There are many students, like myself, who are International Studies or International Business majors. A requirement for these majors is to complete language studies through a 300 level class. This language directs the region of focus for your studies with emphasis on that region’s culture, politics and economics. The languages currently offered by the Mount are French, German, Italian, Latin and Spanish. These are valuable languages and may work for some, but the variety seems to fall short of what is in demand now. Let’s look at the regions that come across our television news and news links every single day. The Middle East, Eastern Europe and Asia. These are areas of threats and crisis; political, moral and financial. What are the languages most commonly spoken these areas?  They are Arabic, Russian and Chinese.

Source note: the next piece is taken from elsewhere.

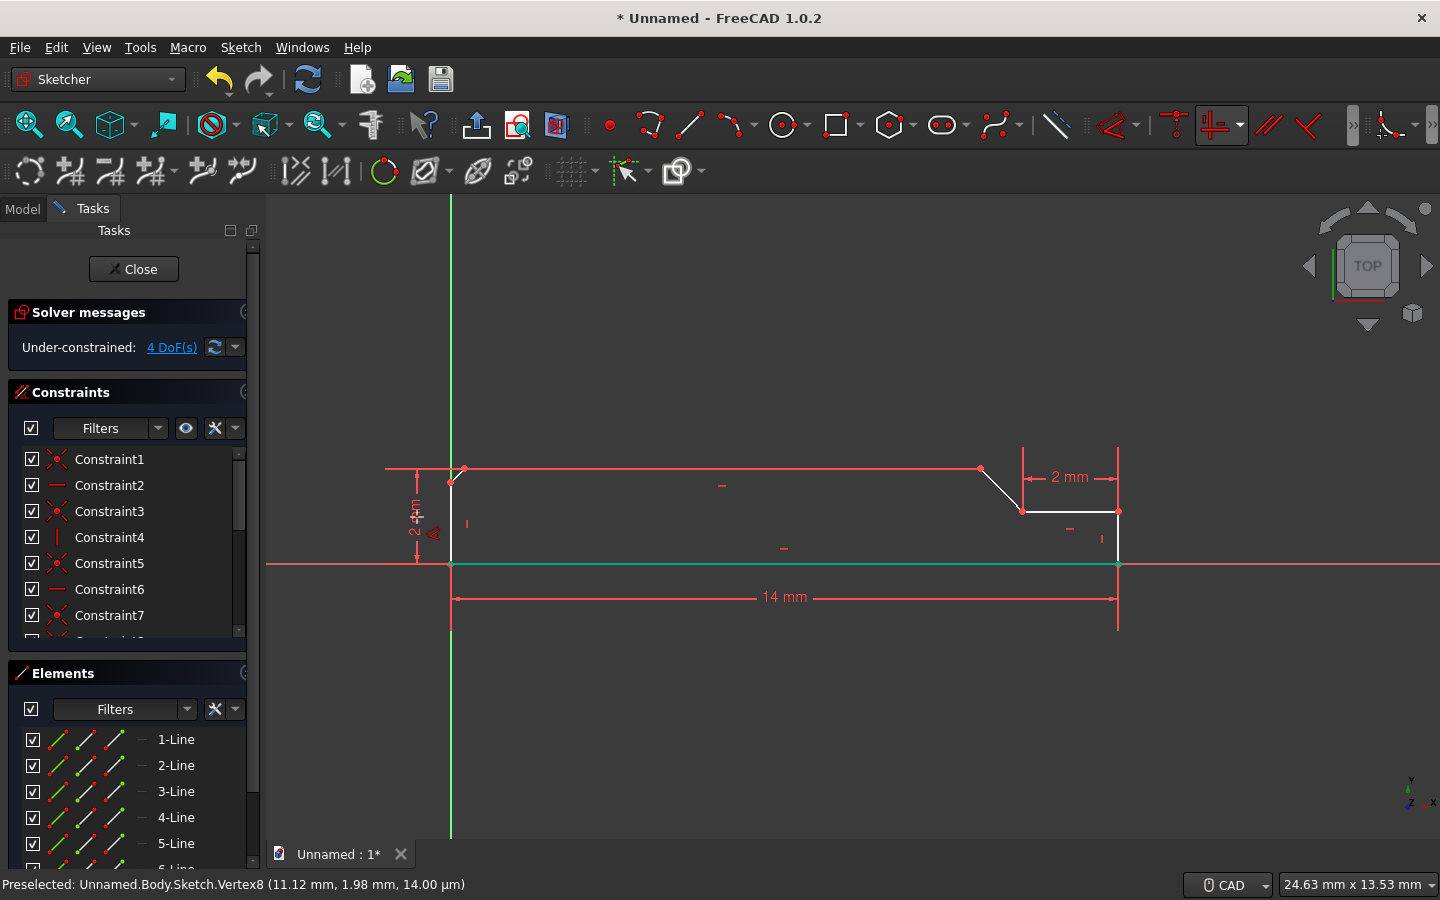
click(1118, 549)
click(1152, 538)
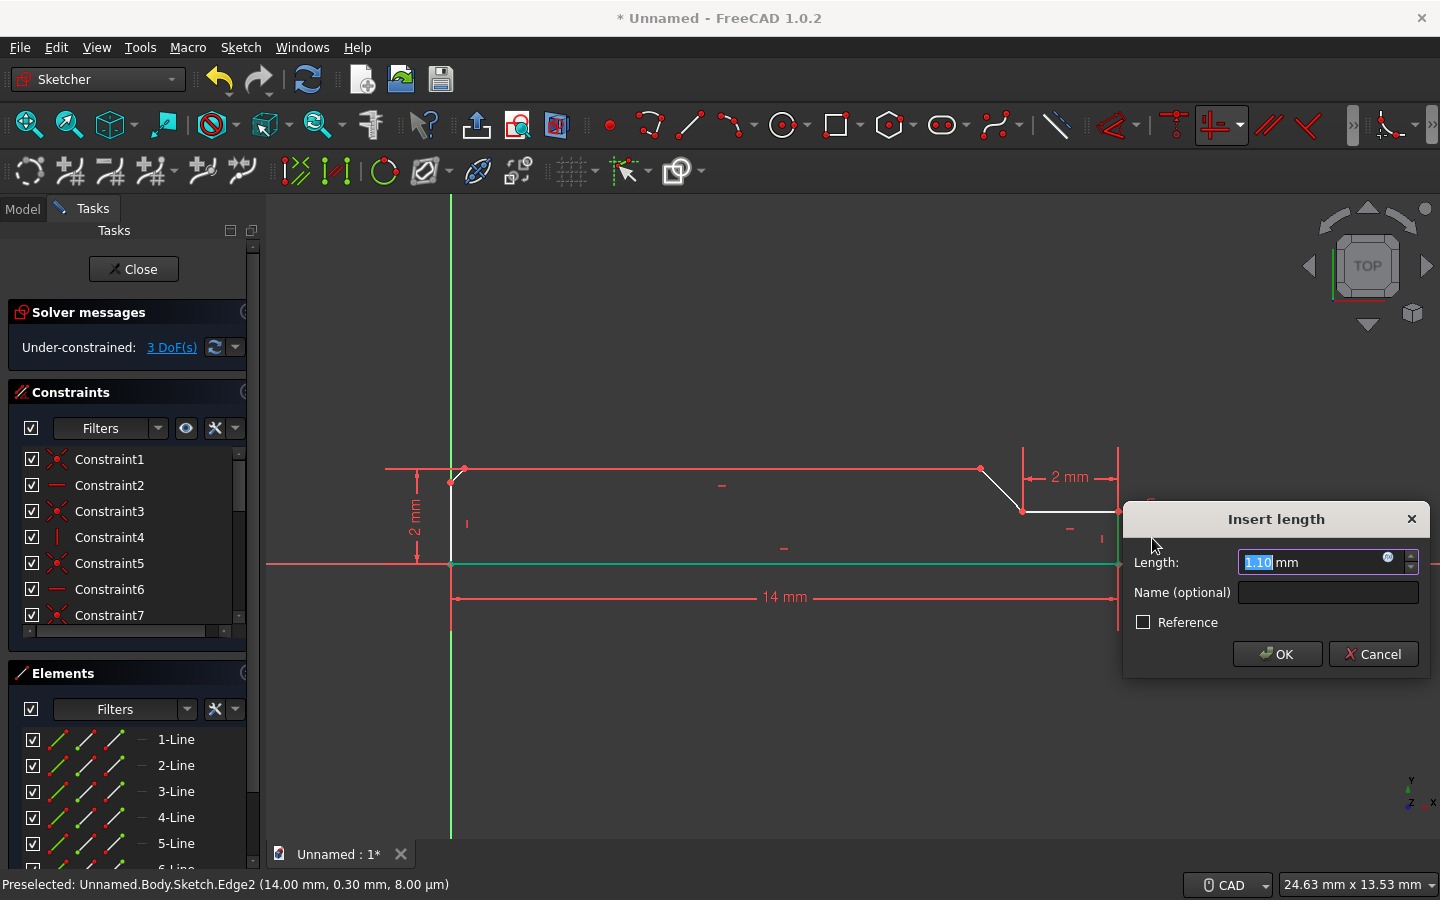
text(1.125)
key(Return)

I do not question the importance of having a region of focus as part of your studies.  Understanding cultural differences and nuances is imperative to diplomacy in all aspects.  For example, I have studied Russian for the better part of six years. I can honestly say that it has helped in my understanding of the world. I watch the news with a different perspective. I have studied Russian culture and I understand how it drives Putin.  I listen to interviews differently and see how news agencies manage and manipulate the message. My studies have given me insights that I cannot take for granted.  Insights that I know will aid me as I pursue a career on the world stage. Unfortunately, the Mount doesn’t offer Russian and I have hit a dead end.  Doesn’t it make sense for the Mount to prepare its International Studies and International Business majors for success by giving them the opportunity to study languages such as Russian and, in turn, make them more competitive? Let us dive deeper into more diverse language and culture studies. Give us an opportunity to better understand how and why China influences the global market, what motivates extremists in the Middle East and the implications of Russia’s reach in the Ukraine and Syria. We need to be offering languages that put Mount students at the forefront of international issues – Chinese, Russian and Arabic.